= PROBLEM DESCRIPTION =
Copy out all lines of the material below in which "pitch" occurs.

══════

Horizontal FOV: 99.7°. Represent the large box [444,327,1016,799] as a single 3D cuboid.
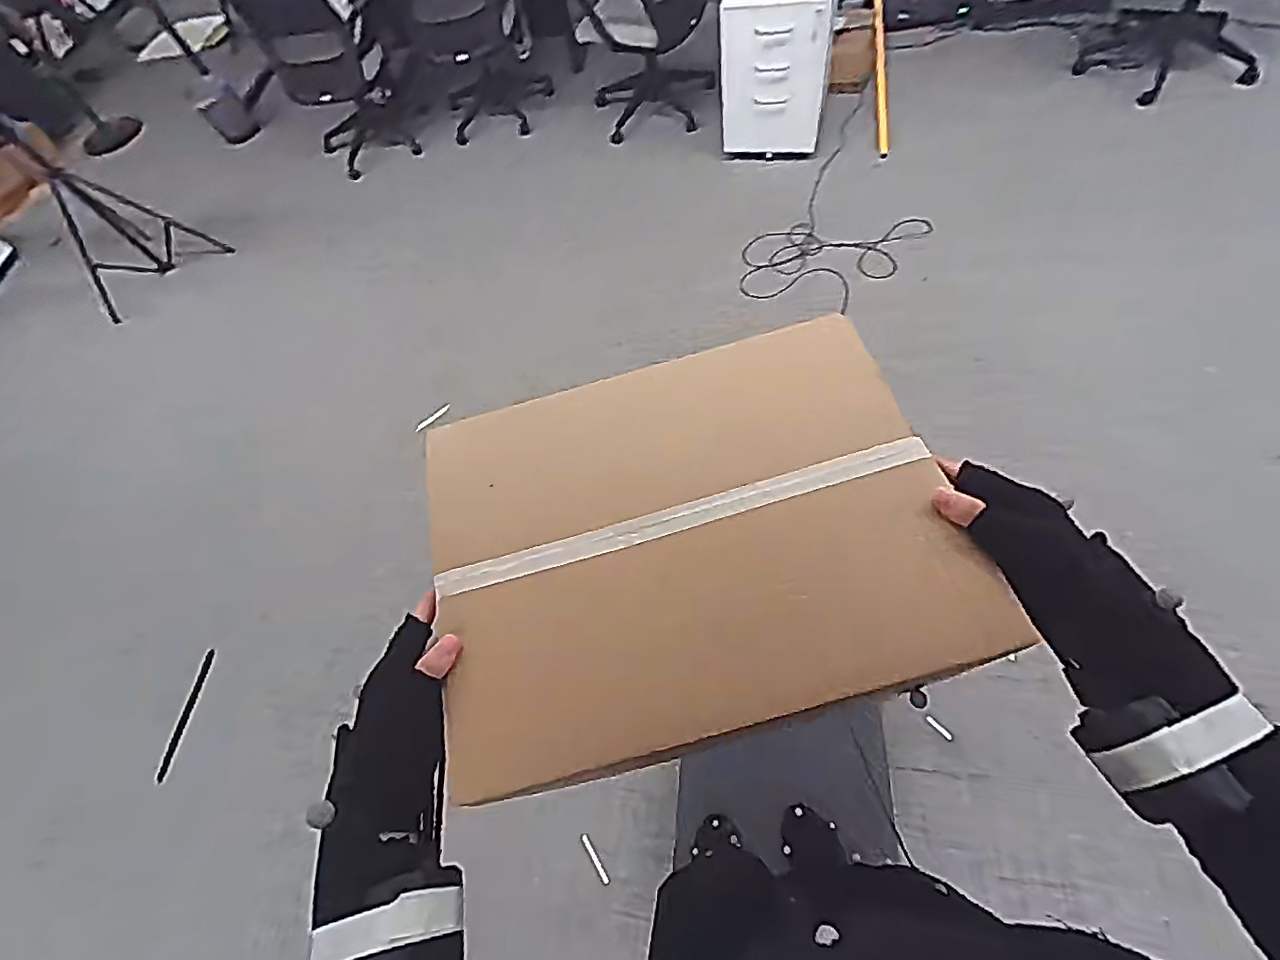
[{"bbox_3d":[0.060,0.104,0.575,0.408,0.320,0.320,-16,61,1],"label":"large box"}]
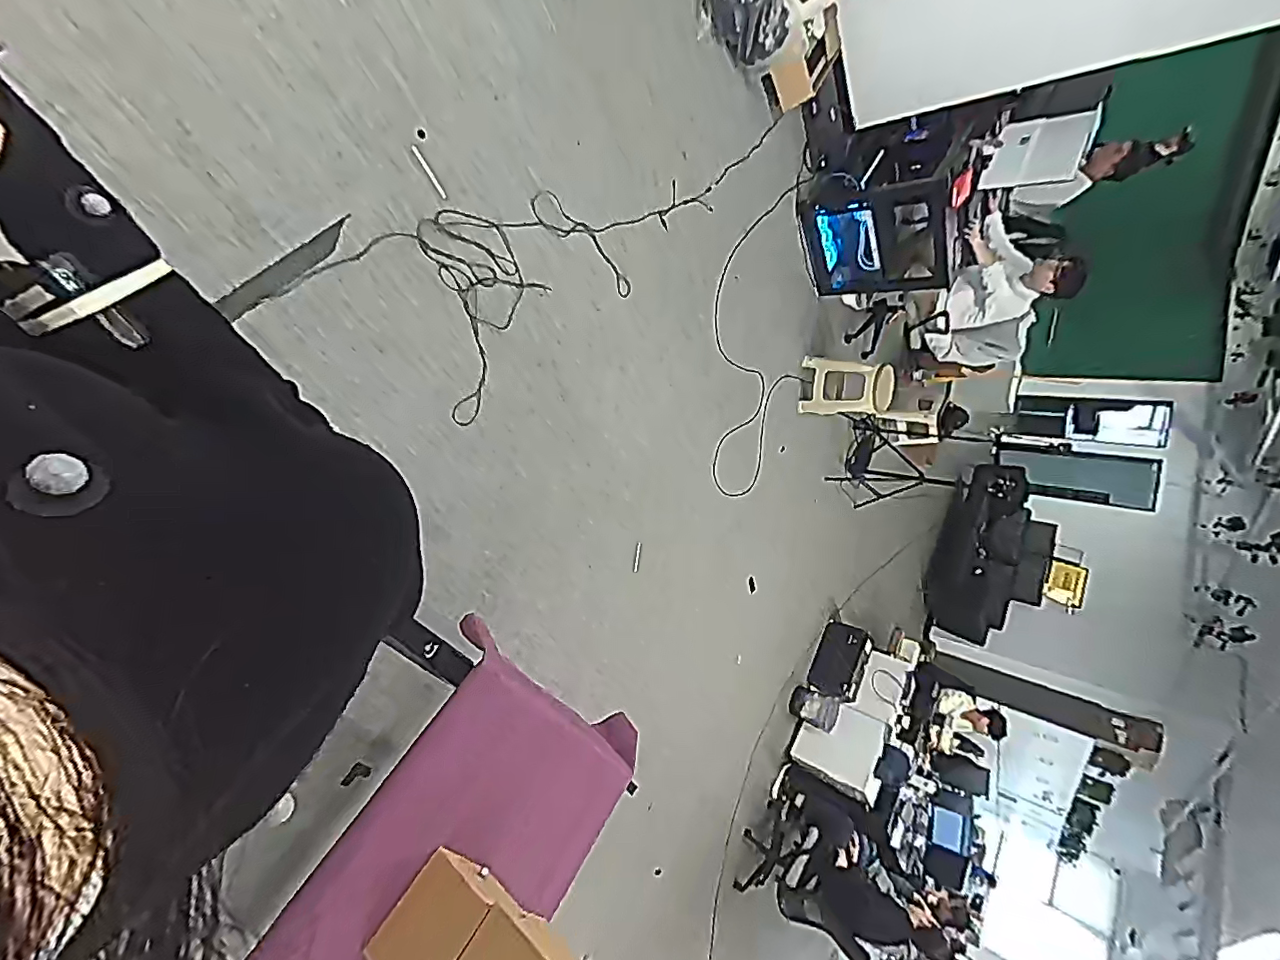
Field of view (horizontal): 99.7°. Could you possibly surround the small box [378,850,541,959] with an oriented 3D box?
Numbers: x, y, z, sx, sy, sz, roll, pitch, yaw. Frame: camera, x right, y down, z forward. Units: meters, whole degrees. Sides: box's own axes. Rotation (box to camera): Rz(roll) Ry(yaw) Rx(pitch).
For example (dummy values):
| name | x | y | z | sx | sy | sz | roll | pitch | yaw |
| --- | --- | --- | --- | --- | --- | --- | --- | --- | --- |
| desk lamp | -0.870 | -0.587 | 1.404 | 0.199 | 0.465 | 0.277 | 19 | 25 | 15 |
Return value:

══════

= EXERCISE OUTPUT =
Numbers: x, y, z, sx, sy, sz, roll, pitch, yaw. Frame: camera, x right, y down, z forward. Units: meters, whole degrees. Sides: box's own axes. Rotation (box to camera): Rz(roll) Ry(yaw) Rx(pitch).
| name | x | y | z | sx | sy | sz | roll | pitch | yaw |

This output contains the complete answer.